10. Do… keep eyes open for people who behave out of character, perhaps appearing insecure or unusually arrogant. Watch out for the member of staff who rolls up to the office in an unusually expensive car or has a very pricey holiday. It may be that he has won the lottery or got an inheritance, but…

11. Do… trust your intuition in fighting fraud. Kenneth Whatmore, an executive at Plenitude Consulting, and former head of fraud and financial crime at Lloyds Banking Group, says: "You need to use the sixth sense. Expensive systems in institutions do a good job but the best systems are flesh and blood." Mark Tantam, head of Deloitte’s anti-fraud consultancy, says: "The fraudster might persuade himself he is above the organisation, or he might feel secretly slightly insecure about it. Then he will behave strangely."

12. Do… encourage all your employees to watch for fraud. That should not be hard (unless they are in on the fraud, of course). The thought that a colleague could be doing something underhand, dishonest or criminal shocks people and they do not want to live and work with that kind of environment. They want to do something about it, and they generally do.  

13. Do… monitor employees gauged to be at risk of abusing the trust placed in them. Fraud risk very closely mirrors the processes and operations of the business. The anti-fraud procedures must do the same. So the employee in the secure computing operation or the treasury needs more monitoring than the guy in the marketing department or sales.

14. Do… examine insurance policies for fraud risks. In the worst case, that is a scant comfort for the worried executive.

Don'ts

1. Do not… underestimate the capacity for fraud of senior and longstanding executives. Remember, the more senior the executive, the greater his remit and capacity to override controls. The biggest fraudsters are the Robert Maxwells, Peter Clowes, Bernie Madoffs, who run the show and can commit a great deal of fraud before anyone dares to question them.

2. Do not… underestimate the capacity of low-key or junior staff members to wreak havoc. Joyti De-Laurey, the personal assistant to a Goldman Sachs partner, was able to steal £4.3m ($7.18m) before the three partners for whom she worked spotted any sign that money was missing.

3. Do not… think only about the optimistic stuff such as hiring people and making profits, also think about your company’s capacity to lose money through fraud and other forms of abuse and miscalculation.

4. Do not… underestimate the capacity of highly intelligent and aggressive traders or executives to cheat the system. If their backs are to the wall or they have an expensive divorce, they will find excuses to bend rules.

5. Do not… send out mixed messages.

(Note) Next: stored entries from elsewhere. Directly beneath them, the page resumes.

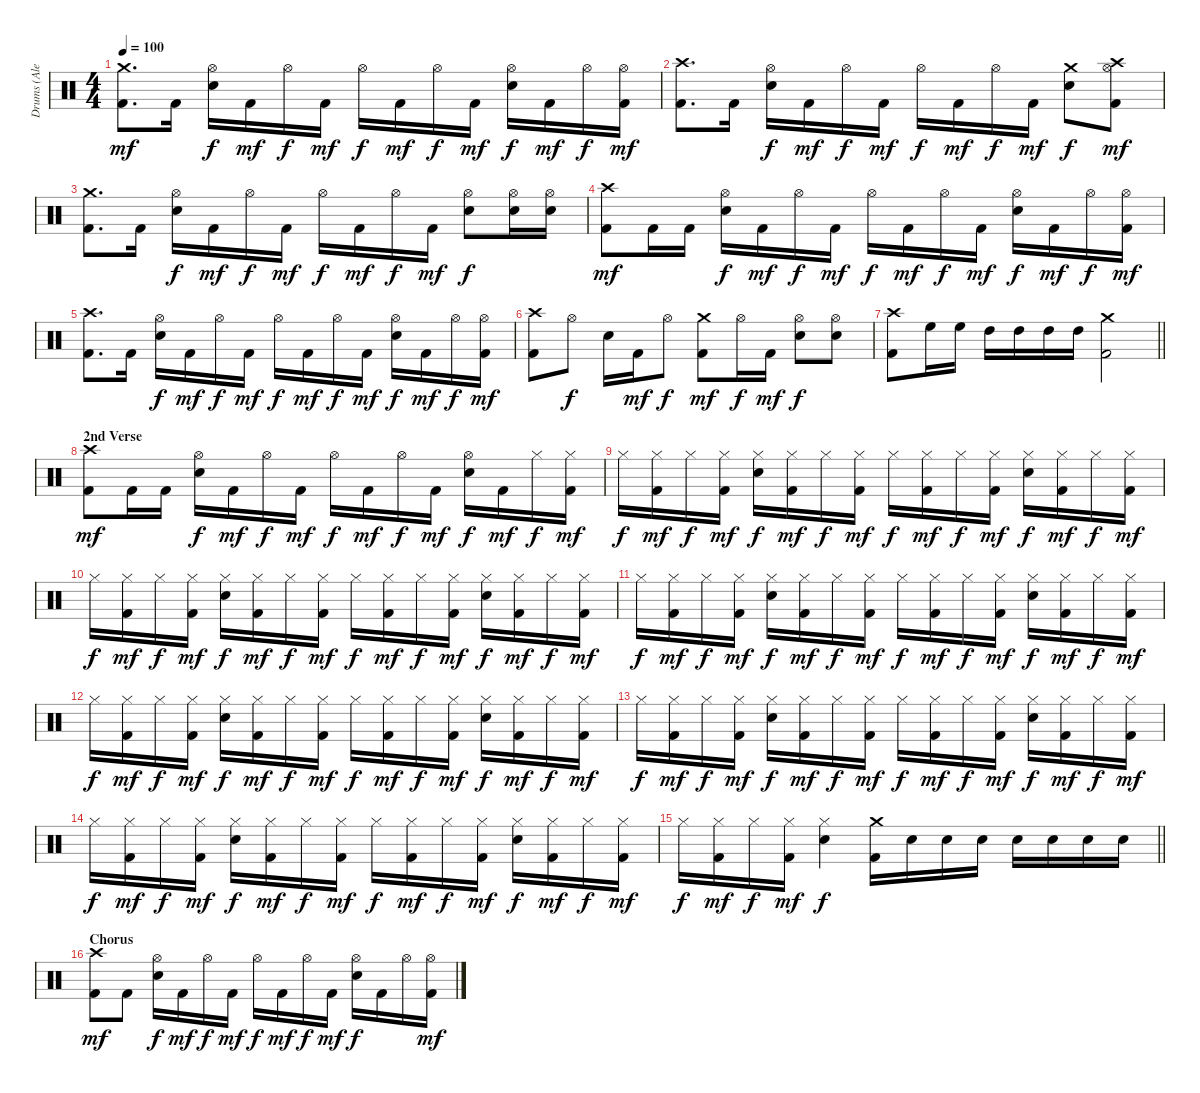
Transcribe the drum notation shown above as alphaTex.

\track ("Drums (Alex Van Halen)" "Drums (Ale") {instrument percussion}
\staff {score}
\articulation defaults
\ts (4 4)
\tempo 100
\clef neutral
\ks c
("Kick (hit) 2" "Crash medium (hit)").8{d dy mf} "Kick (hit) 2".16 ("Snare (hit) 2" "Hi-Hat (open)").16{dy f} "Kick (hit) 2".16{dy mf} "Hi-Hat (open)".16{dy f} "Kick (hit) 2".16{dy mf} "Hi-Hat (open)".16{dy f} "Kick (hit) 2".16{dy mf} "Hi-Hat (open)".16{dy f} "Kick (hit) 2".16{dy mf} ("Snare (hit) 2" "Hi-Hat (open)").16{dy f} "Kick (hit) 2".16{dy mf} "Hi-Hat (open)".16{dy f} ("Kick (hit) 2" "Hi-Hat (open)").16{dy mf} |
("Kick (hit) 2" "Crash high (hit)").8{d} "Kick (hit) 2".16 ("Snare (hit) 2" "Hi-Hat (open)").16{dy f} "Kick (hit) 2".16{dy mf} "Hi-Hat (open)".16{dy f} "Kick (hit) 2".16{dy mf} "Hi-Hat (open)".16{dy f} "Kick (hit) 2".16{dy mf} "Hi-Hat (open)".16{dy f} "Kick (hit) 2".16{dy mf} ("Snare (hit) 2" "Crash medium (hit)").8{dy f} ("Kick (hit) 2" "Hi-Hat (open)" "Crash high (hit)").8{dy mf} |
("Kick (hit) 2" "Crash medium (hit)").8{d} "Kick (hit) 2".16 ("Snare (hit) 2" "Hi-Hat (open)").16{dy f} "Kick (hit) 2".16{dy mf} "Hi-Hat (open)".16{dy f} "Kick (hit) 2".16{dy mf} "Hi-Hat (open)".16{dy f} "Kick (hit) 2".16{dy mf} "Hi-Hat (open)".16{dy f} "Kick (hit) 2".16{dy mf} ("Snare (hit) 2" "Hi-Hat (open)").8{dy f} ("Snare (hit) 2" "Hi-Hat (open)").16 ("Snare (hit) 2" "Hi-Hat (open)").16 |
("Kick (hit) 2" "Crash high (hit)").8{dy mf} "Kick (hit) 2".16 "Kick (hit) 2".16 ("Snare (hit) 2" "Hi-Hat (open)").16{dy f} "Kick (hit) 2".16{dy mf} "Hi-Hat (open)".16{dy f} "Kick (hit) 2".16{dy mf} "Hi-Hat (open)".16{dy f} "Kick (hit) 2".16{dy mf} "Hi-Hat (open)".16{dy f} "Kick (hit) 2".16{dy mf} ("Snare (hit) 2" "Hi-Hat (open)").16{dy f} "Kick (hit) 2".16{dy mf} "Hi-Hat (open)".16{dy f} ("Kick (hit) 2" "Hi-Hat (open)").16{dy mf} |
("Kick (hit) 2" "Crash high (hit)").8{d} "Kick (hit) 2".16 ("Snare (hit) 2" "Hi-Hat (open)").16{dy f} "Kick (hit) 2".16{dy mf} "Hi-Hat (open)".16{dy f} "Kick (hit) 2".16{dy mf} "Hi-Hat (open)".16{dy f} "Kick (hit) 2".16{dy mf} "Hi-Hat (open)".16{dy f} "Kick (hit) 2".16{dy mf} ("Snare (hit) 2" "Hi-Hat (open)").16{dy f} "Kick (hit) 2".16{dy mf} "Hi-Hat (open)".16{dy f} ("Kick (hit) 2" "Hi-Hat (open)").16{dy mf} |
("Kick (hit) 2" "Crash high (hit)").8 "Hi-Hat (open)".8{dy f} "Snare (hit) 2".16 "Kick (hit) 2".16{dy mf} "Hi-Hat (open)".8{dy f} ("Kick (hit) 2" "Crash medium (hit)").8{dy mf} "Hi-Hat (open)".16{dy f} "Kick (hit) 2".16{dy mf} ("Snare (hit) 2" "Hi-Hat (open)").8{dy f} ("Snare (hit) 2" "Hi-Hat (open)").8 |
\barLineRight lightlight
("Kick (hit) 2" "Crash high (hit)").8 "High Floor Tom (hit)".16 "High Floor Tom (hit)".16 "High Tom (hit)".16 "High Tom (hit)".16 "High Tom (hit)".16 "High Tom (hit)".16 ("Kick (hit) 2" "Crash medium (hit)").2 |
\section ("" "2nd Verse")
("Kick (hit) 2" "Crash high (hit)").8{dy mf} "Kick (hit) 2".16 "Kick (hit) 2".16 ("Snare (hit) 2" "Hi-Hat (open)").16{dy f} "Kick (hit) 2".16{dy mf} "Hi-Hat (open)".16{dy f} "Kick (hit) 2".16{dy mf} "Hi-Hat (open)".16{dy f} "Kick (hit) 2".16{dy mf} "Hi-Hat (open)".16{dy f} "Kick (hit) 2".16{dy mf} ("Snare (hit) 2" "Hi-Hat (open)").16{dy f} "Kick (hit) 2".16{dy mf} "Hi-Hat (closed)".16{dy f} ("Kick (hit) 2" "Hi-Hat (closed)").16{dy mf} |
"Hi-Hat (closed)".16{dy f} ("Kick (hit) 2" "Hi-Hat (closed)").16{dy mf} "Hi-Hat (closed)".16{dy f} ("Kick (hit) 2" "Hi-Hat (closed)").16{dy mf} ("Snare (hit) 2" "Hi-Hat (closed)").16{dy f} ("Kick (hit) 2" "Hi-Hat (closed)").16{dy mf} "Hi-Hat (closed)".16{dy f} ("Kick (hit) 2" "Hi-Hat (closed)").16{dy mf} "Hi-Hat (closed)".16{dy f} ("Kick (hit) 2" "Hi-Hat (closed)").16{dy mf} "Hi-Hat (closed)".16{dy f} ("Kick (hit) 2" "Hi-Hat (closed)").16{dy mf} ("Snare (hit) 2" "Hi-Hat (closed)").16{dy f} ("Kick (hit) 2" "Hi-Hat (closed)").16{dy mf} "Hi-Hat (closed)".16{dy f} ("Kick (hit) 2" "Hi-Hat (closed)").16{dy mf} |
"Hi-Hat (closed)".16{dy f} ("Kick (hit) 2" "Hi-Hat (closed)").16{dy mf} "Hi-Hat (closed)".16{dy f} ("Kick (hit) 2" "Hi-Hat (closed)").16{dy mf} ("Snare (hit) 2" "Hi-Hat (closed)").16{dy f} ("Kick (hit) 2" "Hi-Hat (closed)").16{dy mf} "Hi-Hat (closed)".16{dy f} ("Kick (hit) 2" "Hi-Hat (closed)").16{dy mf} "Hi-Hat (closed)".16{dy f} ("Kick (hit) 2" "Hi-Hat (closed)").16{dy mf} "Hi-Hat (closed)".16{dy f} ("Kick (hit) 2" "Hi-Hat (closed)").16{dy mf} ("Snare (hit) 2" "Hi-Hat (closed)").16{dy f} ("Kick (hit) 2" "Hi-Hat (closed)").16{dy mf} "Hi-Hat (closed)".16{dy f} ("Kick (hit) 2" "Hi-Hat (closed)").16{dy mf} |
"Hi-Hat (closed)".16{dy f} ("Kick (hit) 2" "Hi-Hat (closed)").16{dy mf} "Hi-Hat (closed)".16{dy f} ("Kick (hit) 2" "Hi-Hat (closed)").16{dy mf} ("Snare (hit) 2" "Hi-Hat (closed)").16{dy f} ("Kick (hit) 2" "Hi-Hat (closed)").16{dy mf} "Hi-Hat (closed)".16{dy f} ("Kick (hit) 2" "Hi-Hat (closed)").16{dy mf} "Hi-Hat (closed)".16{dy f} ("Kick (hit) 2" "Hi-Hat (closed)").16{dy mf} "Hi-Hat (closed)".16{dy f} ("Kick (hit) 2" "Hi-Hat (closed)").16{dy mf} ("Snare (hit) 2" "Hi-Hat (closed)").16{dy f} ("Kick (hit) 2" "Hi-Hat (closed)").16{dy mf} "Hi-Hat (closed)".16{dy f} ("Kick (hit) 2" "Hi-Hat (closed)").16{dy mf} |
"Hi-Hat (closed)".16{dy f} ("Kick (hit) 2" "Hi-Hat (closed)").16{dy mf} "Hi-Hat (closed)".16{dy f} ("Kick (hit) 2" "Hi-Hat (closed)").16{dy mf} ("Snare (hit) 2" "Hi-Hat (closed)").16{dy f} ("Kick (hit) 2" "Hi-Hat (closed)").16{dy mf} "Hi-Hat (closed)".16{dy f} ("Kick (hit) 2" "Hi-Hat (closed)").16{dy mf} "Hi-Hat (closed)".16{dy f} ("Kick (hit) 2" "Hi-Hat (closed)").16{dy mf} "Hi-Hat (closed)".16{dy f} ("Kick (hit) 2" "Hi-Hat (closed)").16{dy mf} ("Snare (hit) 2" "Hi-Hat (closed)").16{dy f} ("Kick (hit) 2" "Hi-Hat (closed)").16{dy mf} "Hi-Hat (closed)".16{dy f} ("Kick (hit) 2" "Hi-Hat (closed)").16{dy mf} |
"Hi-Hat (closed)".16{dy f} ("Kick (hit) 2" "Hi-Hat (closed)").16{dy mf} "Hi-Hat (closed)".16{dy f} ("Kick (hit) 2" "Hi-Hat (closed)").16{dy mf} ("Snare (hit) 2" "Hi-Hat (closed)").16{dy f} ("Kick (hit) 2" "Hi-Hat (closed)").16{dy mf} "Hi-Hat (closed)".16{dy f} ("Kick (hit) 2" "Hi-Hat (closed)").16{dy mf} "Hi-Hat (closed)".16{dy f} ("Kick (hit) 2" "Hi-Hat (closed)").16{dy mf} "Hi-Hat (closed)".16{dy f} ("Kick (hit) 2" "Hi-Hat (closed)").16{dy mf} ("Snare (hit) 2" "Hi-Hat (closed)").16{dy f} ("Kick (hit) 2" "Hi-Hat (closed)").16{dy mf} "Hi-Hat (closed)".16{dy f} ("Kick (hit) 2" "Hi-Hat (closed)").16{dy mf} |
"Hi-Hat (closed)".16{dy f} ("Kick (hit) 2" "Hi-Hat (closed)").16{dy mf} "Hi-Hat (closed)".16{dy f} ("Kick (hit) 2" "Hi-Hat (closed)").16{dy mf} ("Snare (hit) 2" "Hi-Hat (closed)").16{dy f} ("Kick (hit) 2" "Hi-Hat (closed)").16{dy mf} "Hi-Hat (closed)".16{dy f} ("Kick (hit) 2" "Hi-Hat (closed)").16{dy mf} "Hi-Hat (closed)".16{dy f} ("Kick (hit) 2" "Hi-Hat (closed)").16{dy mf} "Hi-Hat (closed)".16{dy f} ("Kick (hit) 2" "Hi-Hat (closed)").16{dy mf} ("Snare (hit) 2" "Hi-Hat (closed)").16{dy f} ("Kick (hit) 2" "Hi-Hat (closed)").16{dy mf} "Hi-Hat (closed)".16{dy f} ("Kick (hit) 2" "Hi-Hat (closed)").16{dy mf} |
\barLineRight lightlight "Hi-Hat (closed)".16{dy f}
("Kick (hit) 2" "Hi-Hat (closed)").16{dy mf} "Hi-Hat (closed)".16{dy f} ("Kick (hit) 2" "Hi-Hat (closed)").16{dy mf} ("Snare (hit) 2" "Hi-Hat (closed)").4{dy f} ("Kick (hit) 2" "Crash medium (hit)").16 "Snare (hit) 2".16 "Snare (hit) 2".16 "Snare (hit) 2".16 "Snare (hit) 2".16 "Snare (hit) 2".16 "Snare (hit) 2".16 "Snare (hit) 2".16 |
\section ("" "Chorus")
("Kick (hit) 2" "Crash high (hit)").8{dy mf} "Kick (hit) 2".8 ("Snare (hit) 2" "Hi-Hat (open)").16{dy f} "Kick (hit) 2".16{dy mf} "Hi-Hat (open)".16{dy f} "Kick (hit) 2".16{dy mf} "Hi-Hat (open)".16{dy f} "Kick (hit) 2".16{dy mf} "Hi-Hat (open)".16{dy f} "Kick (hit) 2".16{dy mf} ("Snare (hit) 2" "Hi-Hat (open)").16{dy f} "Kick (hit) 2".16 "Hi-Hat (open)".16 ("Kick (hit) 2" "Hi-Hat (open)").16{dy mf}

The firm that preaches an ethical and responsible culture, but offers incentives for short-term trading, lacks credibility.

6. Do not… over-egg the incentives that staff will be tempted to deliver by cutting corners.

7. Do not… make controls so tight that you put your best staff off being entrepreneurial, honest and profitable. It is a fine line between systems that control and systems that encourage free thinking.

8. Do not… fall for the trap set by star traders and others that they can walk on water. Fraudsters like to pull the wool by undermining management’s culture and authority. Peter Young of Morgan Grenfell in the 1980s was lauded as a trading genius until he lost control of his investment scheme and resorted to fraud. Mr Young was described as "intellectually arrogant", a man who felt "unconstrained by the myriad rules and regulations designed to protect investors". People called another so-called ‘rainmaker’ their ‘messiah’, until his network of secret companies was discovered.

9. Do not… let traders anywhere near back-office reporting procedures. That way lies catastrophe, á la Mr Leeson. Segregation of roles is an absolute basic for any anti-fraud system.

10. Do not… exaggerate the capacity of systems to beat fraud. Like death, taxes and prostitution, it has always been with us. Fraud is about bad people getting round the good guys. If someone is determined to steal money or intellectual property, they will beat the best systems of control. Just hope it is not you that the fraudster sneaks by.